Article Highlight: Barry Joyce on Mormon Sacralization of Mesoamerican Space

A couple weeks ago I highlighted Laurie Maffly-Kipp’s presidential address which appeared in the recent issue of Journal of Mormon History. That issue also featured another article I wanted to highlight: Barry A. Joyce’s “The Temple and the Rock: James W. Leseur and the Synchronization of Sacred Space in the American Southwest.” Joyce is an associate professor of history at the University of Delaware who has done excellent work on historical consciousness in America. He is currently working on a history of shared sacred space in the American Southwest. This article is a spin-off of that larger project, as Mormons in Arizona, drawing from a larger LDS tradition of mesoamerican imagination, prove a potent case study.

The article’s title references to an odd feature on the Mesa Temple grounds.
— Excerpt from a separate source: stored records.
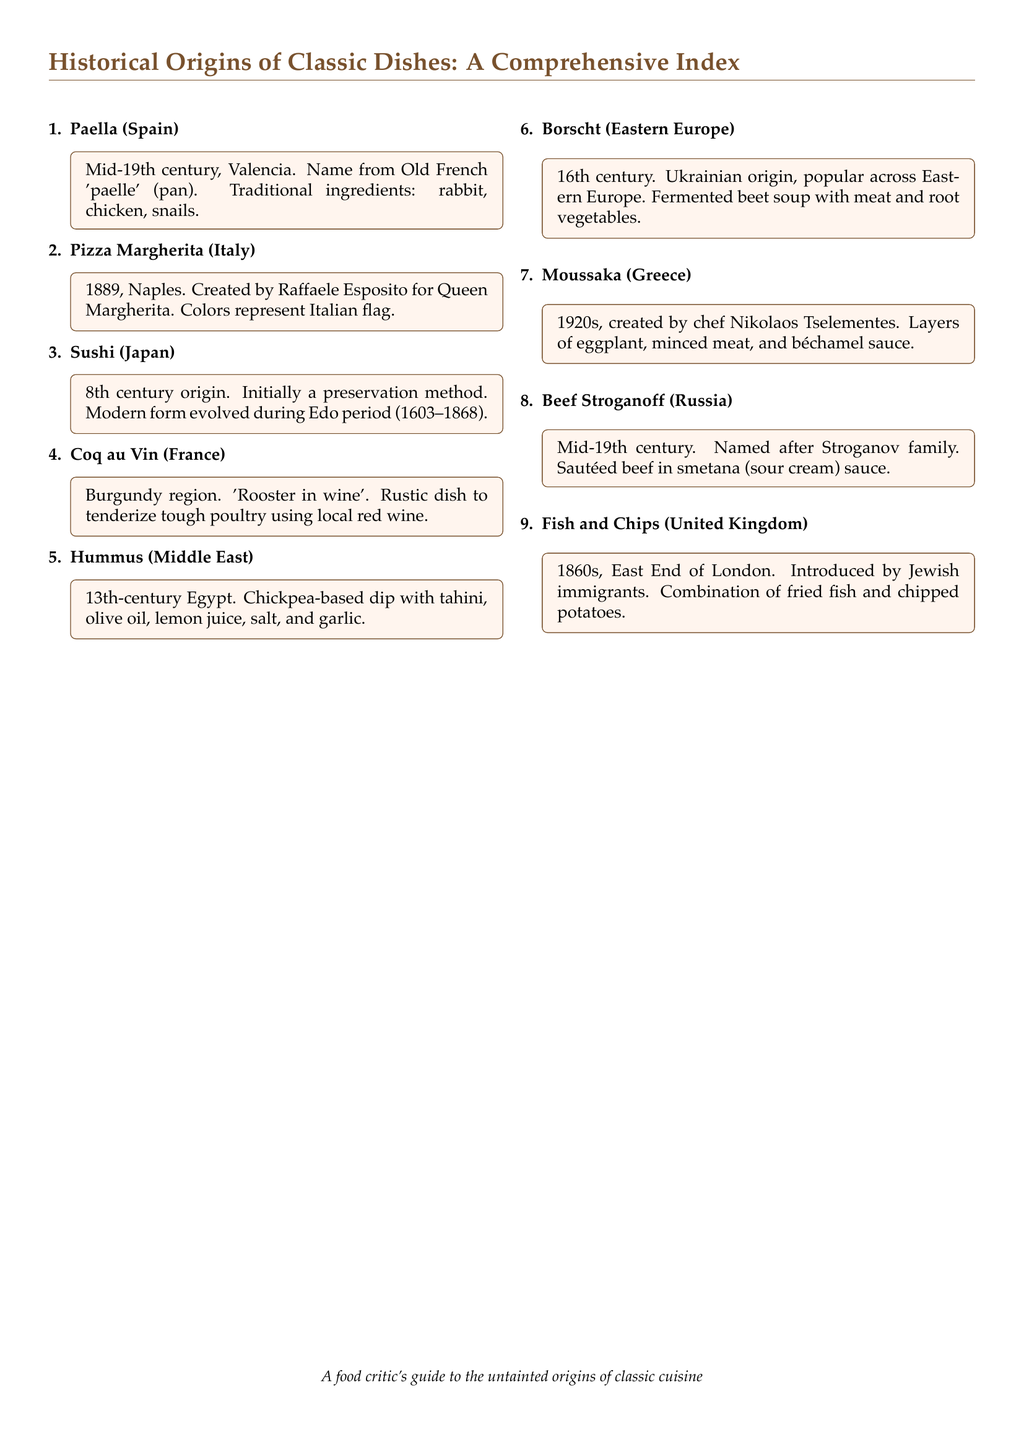What is the origin of Paella? The origin of Paella is Valencia, Spain, in the mid-19th century.
Answer: Valencia, Spain In what year was Pizza Margherita created? Pizza Margherita was created in 1889.
Answer: 1889 What dish is referred to as 'Rooster in wine'? 'Rooster in wine' refers to Coq au Vin.
Answer: Coq au Vin What main ingredient is used in Hummus? The main ingredient used in Hummus is chickpeas.
Answer: Chickpeas From which region does Borscht originate? Borscht originates from the Ukrainian region of Eastern Europe.
Answer: Ukrainian Who created Moussaka? Moussaka was created by chef Nikolaos Tselementes.
Answer: Nikolaos Tselementes What does the name "Pizza Margherita" represent? The name "Pizza Margherita" represents the colors of the Italian flag.
Answer: Italian flag In which century did Sushi originate? Sushi originated in the 8th century.
Answer: 8th century What type of sauce is used in Beef Stroganoff? The type of sauce used in Beef Stroganoff is smetana (sour cream) sauce.
Answer: smetana (sour cream) sauce 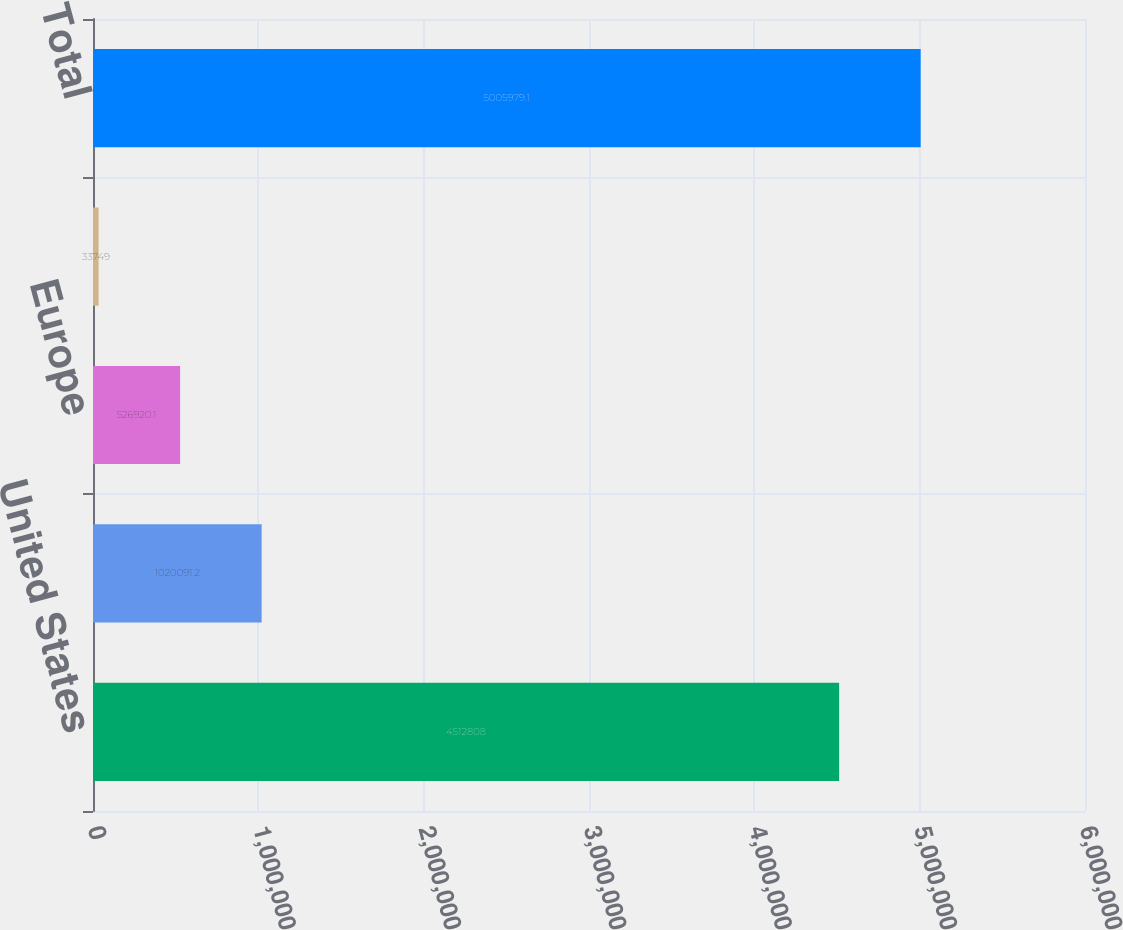Convert chart. <chart><loc_0><loc_0><loc_500><loc_500><bar_chart><fcel>United States<fcel>Canada<fcel>Europe<fcel>Other<fcel>Total<nl><fcel>4.51281e+06<fcel>1.02009e+06<fcel>526920<fcel>33749<fcel>5.00598e+06<nl></chart> 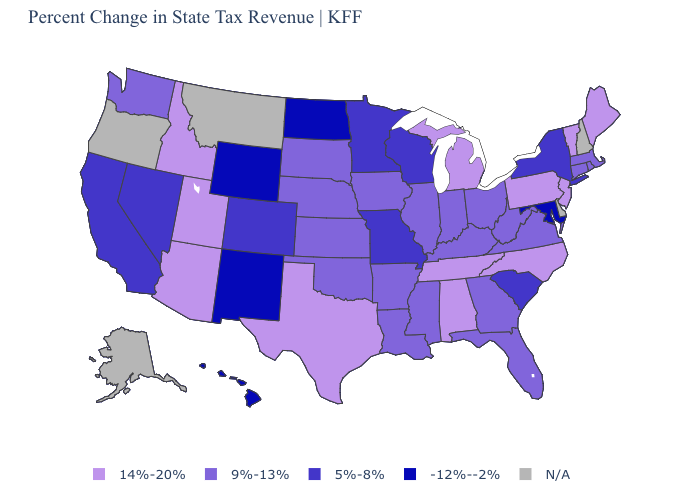Name the states that have a value in the range 14%-20%?
Short answer required. Alabama, Arizona, Idaho, Maine, Michigan, New Jersey, North Carolina, Pennsylvania, Tennessee, Texas, Utah, Vermont. Is the legend a continuous bar?
Keep it brief. No. Among the states that border Arizona , which have the highest value?
Give a very brief answer. Utah. What is the value of Michigan?
Be succinct. 14%-20%. Name the states that have a value in the range 5%-8%?
Quick response, please. California, Colorado, Minnesota, Missouri, Nevada, New York, South Carolina, Wisconsin. Does Nevada have the highest value in the USA?
Keep it brief. No. Name the states that have a value in the range N/A?
Write a very short answer. Alaska, Delaware, Montana, New Hampshire, Oregon. Name the states that have a value in the range N/A?
Answer briefly. Alaska, Delaware, Montana, New Hampshire, Oregon. What is the value of Alabama?
Concise answer only. 14%-20%. What is the highest value in the West ?
Concise answer only. 14%-20%. What is the value of Pennsylvania?
Short answer required. 14%-20%. Does the first symbol in the legend represent the smallest category?
Write a very short answer. No. Among the states that border Rhode Island , which have the highest value?
Answer briefly. Connecticut, Massachusetts. What is the value of North Carolina?
Give a very brief answer. 14%-20%. Does Michigan have the highest value in the MidWest?
Short answer required. Yes. 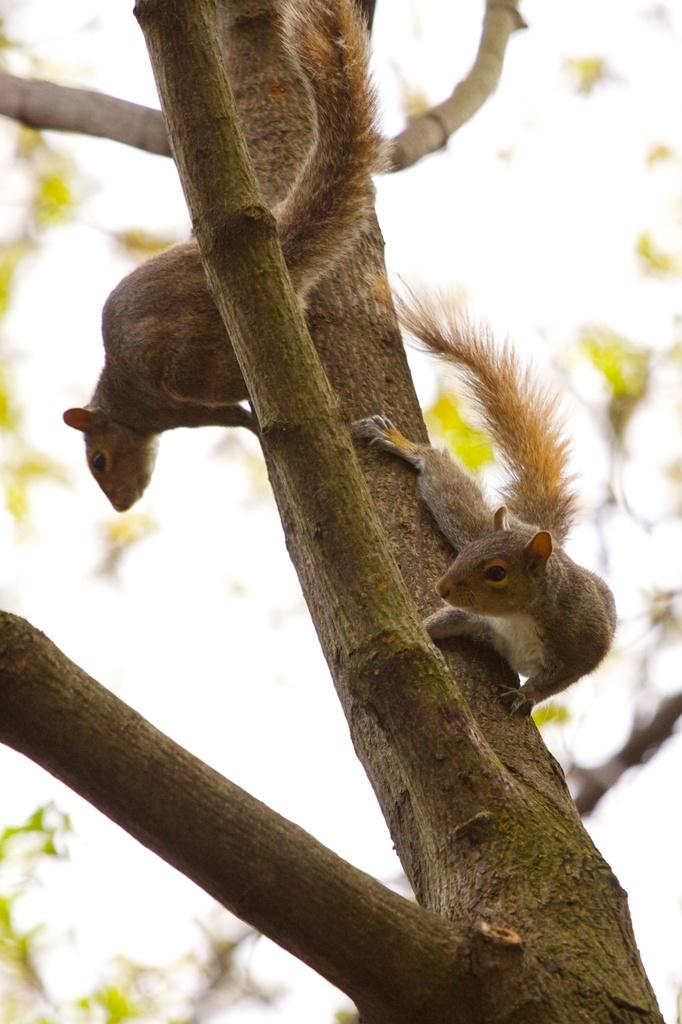What animals can be seen in the image? There are two squirrels in the image. Where are the squirrels located? The squirrels are on a tree trunk. Can you describe the background of the image? The background of the image is blurred. What type of brush is the ladybug using to paint the tree trunk in the image? There is no ladybug or brush present in the image; it features two squirrels on a tree trunk with a blurred background. 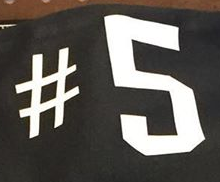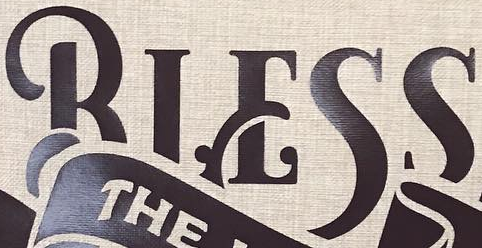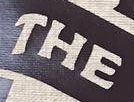Read the text from these images in sequence, separated by a semicolon. #5; BIESS; THE

In 1924, Lesueur oversaw the placement of a petroglyph-covered rock (weighing 8,860 pounds!) from the San Tan Mountains, a region filled with remnants of previous indigenous populations. Among the etchings on the great stone are what Lesueur believed to be “an exact reproduction of a similar character in a copy of the characters which Joseph Smith copied from the plates of the Book of Mormon and gave to Martin Harris.” Despite this shaky justification, the rock remains near the temple today.

Joyce digs into LeSueur’s life as a way to explain this Mormon fascination with indigenous artifacts. What is well known is how members of the LDS faith have long believed Native Americans to be the descendant of Book of Mormon people. What is not always acknowledged is how that belief fit within a broader cultural phenomenon of sacralizing the colonized lands of the American southwest. LeSueur was a journeyman who moonlighted as an armchair archeologist and anthropologist dedicated to understand the civilizations who had come before in his state of Arizona. To him, these were chosen people whose legacy still had relevance for today. He led tours, wrote books, and even published a tourism pamphlet that explained the sacred ground upon which Arizonans walked.

I won’t say too much more about the article, rather than how refreshing it is to see an article in the JMH dedicated to proving the relevance of a Mormon story to outside scholarship. I strongly recommend it.